Photo Credit: Ahmad al-Rubaye/AFP via Getty Images

In an interview with The Associated Press on Tuesday, Lt. Gen. Abdul-Wahab al-Saadi, commander of the special forces in eastern Mosul, said his forces have been bolstered by reinforcements and are now less than 3 kilometers (2 miles) from the Tigris River, which slices the city in half. A U.S.-led coalition airstrike this week destroyed the last remaining bridge over the river.

The special forces, officially known as the Counter Terrorism Service, have done most of the fighting, pushing in from the east. But regular army troops on the city's southeast and northern edges, as well as militarized federal police farther west, have not moved in weeks, unable to penetrate the city.
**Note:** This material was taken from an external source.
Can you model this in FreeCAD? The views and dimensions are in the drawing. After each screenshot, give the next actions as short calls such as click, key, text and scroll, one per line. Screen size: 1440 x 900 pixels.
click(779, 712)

The troops have faced grueling urban fighting, often house to house against IS militants who have had more than two years to dig in and prepare. Even in districts that have been recaptured, Iraqi troops have faced surprise attacks, shelling and car bombs. The extremists have launched more than 900 car bombs against Iraqi troops in and around Mosul. Al-Saadi said 260 targeted his men.

He said he expected Iraqi forces would drive ISIS from Mosul and the rest of Nineveh province within three months. Iraqi leaders had previously vowed to drive the extremists from Mosul by the end of the year.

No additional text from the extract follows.